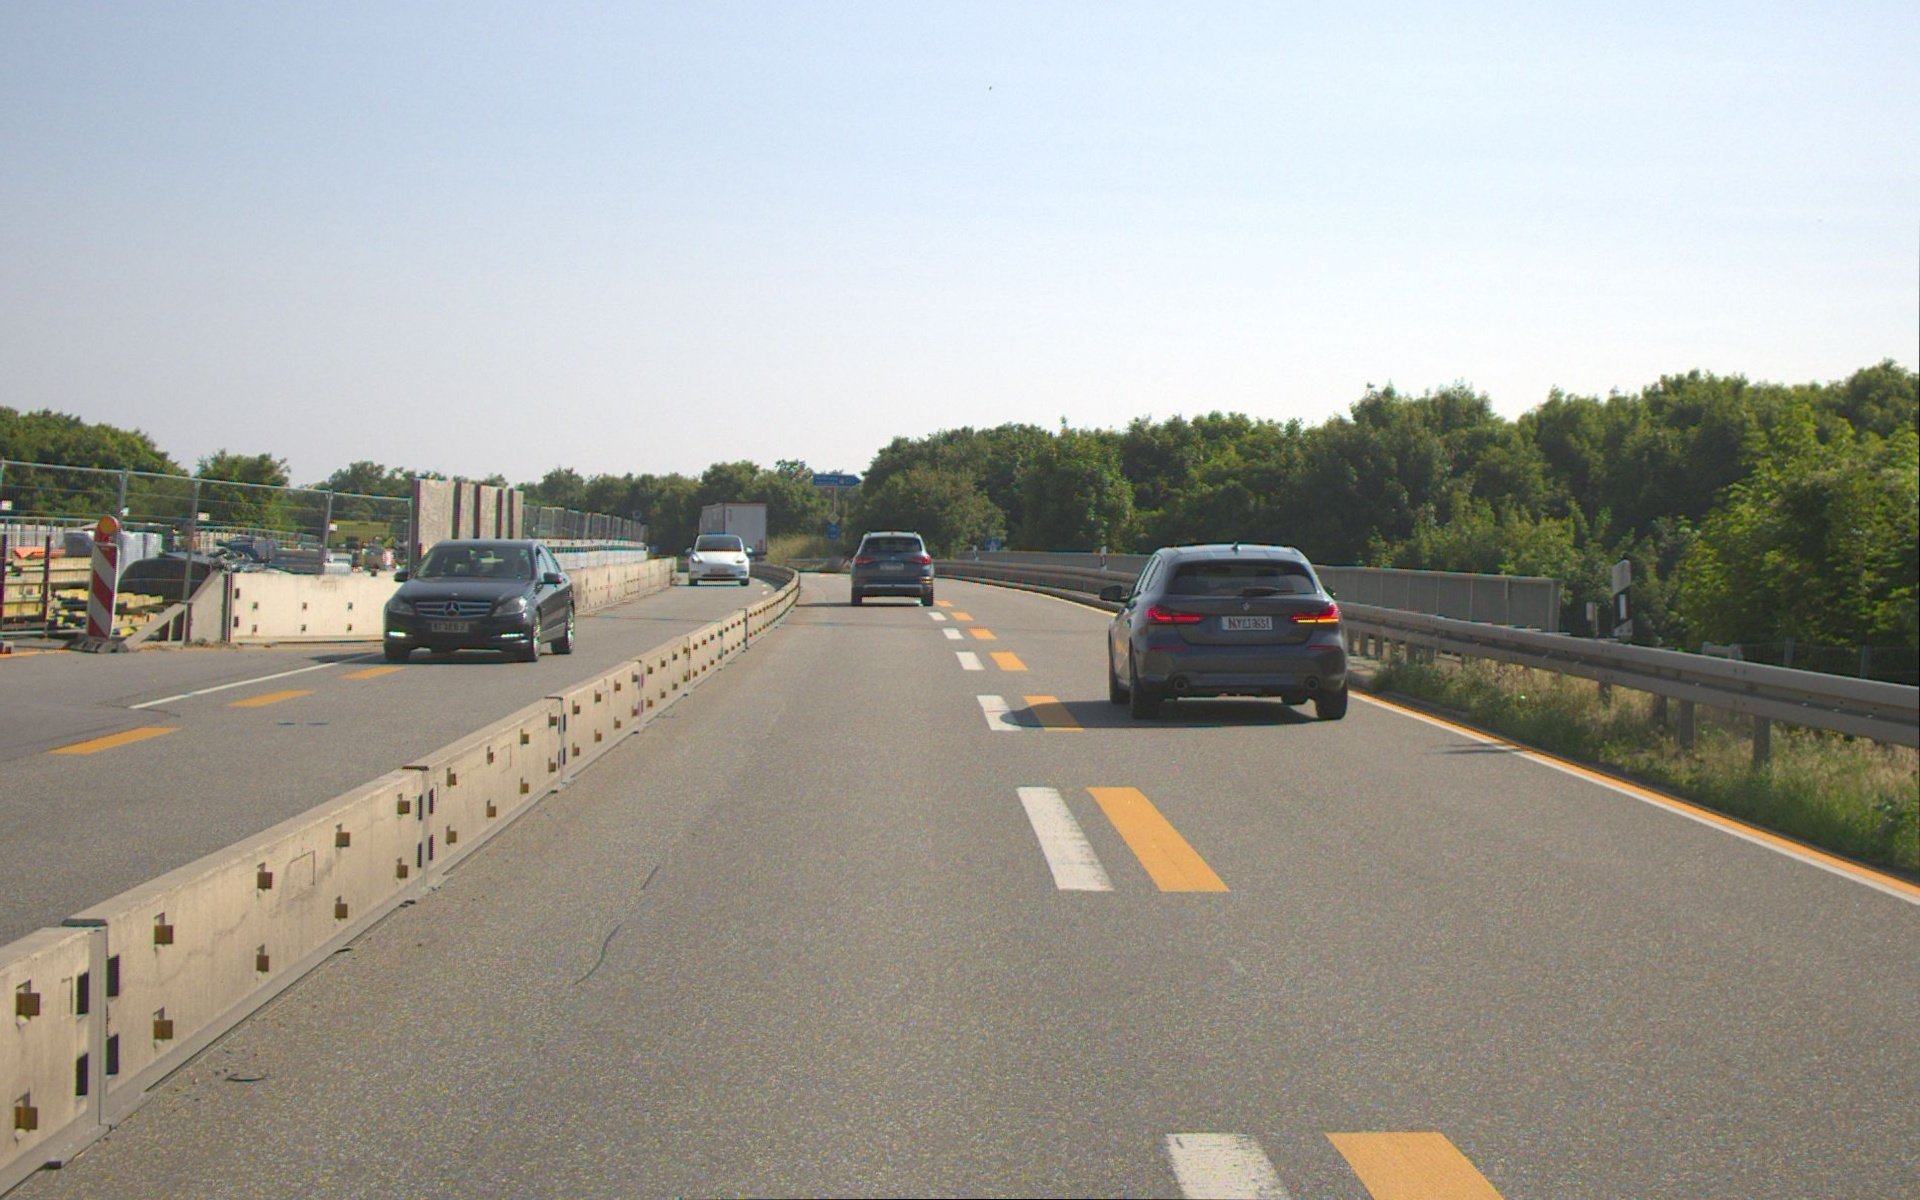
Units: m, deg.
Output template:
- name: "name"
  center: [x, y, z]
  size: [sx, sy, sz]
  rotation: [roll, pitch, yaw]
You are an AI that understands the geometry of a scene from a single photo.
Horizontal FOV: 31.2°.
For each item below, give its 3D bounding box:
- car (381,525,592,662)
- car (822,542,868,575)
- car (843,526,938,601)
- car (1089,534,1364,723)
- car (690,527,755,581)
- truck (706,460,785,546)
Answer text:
- name: "car"
  center: [-5.643, -0.129, 41.510]
  size: [1.859, 1.468, 4.685]
  rotation: [2, 1, 0]
- name: "car"
  center: [-6.121, -2.212, 182.557]
  size: [1.993, 1.682, 4.001]
  rotation: [2, 1, -8]
- name: "car"
  center: [-1.494, -0.820, 75.397]
  size: [1.993, 1.561, 4.000]
  rotation: [1, 1, 0]
- name: "car"
  center: [2.209, 0.191, 29.480]
  size: [1.920, 1.488, 4.001]
  rotation: [0, 1, -2]
- name: "car"
  center: [-7.614, -1.498, 110.703]
  size: [1.981, 1.645, 4.549]
  rotation: [2, 1, -3]
- name: "truck"
  center: [-12.925, -5.790, 205.933]
  size: [3.760, 4.894, 14.140]
  rotation: [2, 1, -7]

> _Aim of the task_
Repeat the data verbatim through the "- truck (706,460,785,546)" line, no pictures.

> _Response to this exercise_
Units: m, deg.
Output template:
- name: "name"
  center: [x, y, z]
  size: [sx, sy, sz]
  rotation: [roll, pitch, yaw]
You are an AI that understands the geometry of a scene from a single photo.
Horizontal FOV: 31.2°.
For each item below, give its 3D bounding box:
- car (381,525,592,662)
- car (822,542,868,575)
- car (843,526,938,601)
- car (1089,534,1364,723)
- car (690,527,755,581)
- truck (706,460,785,546)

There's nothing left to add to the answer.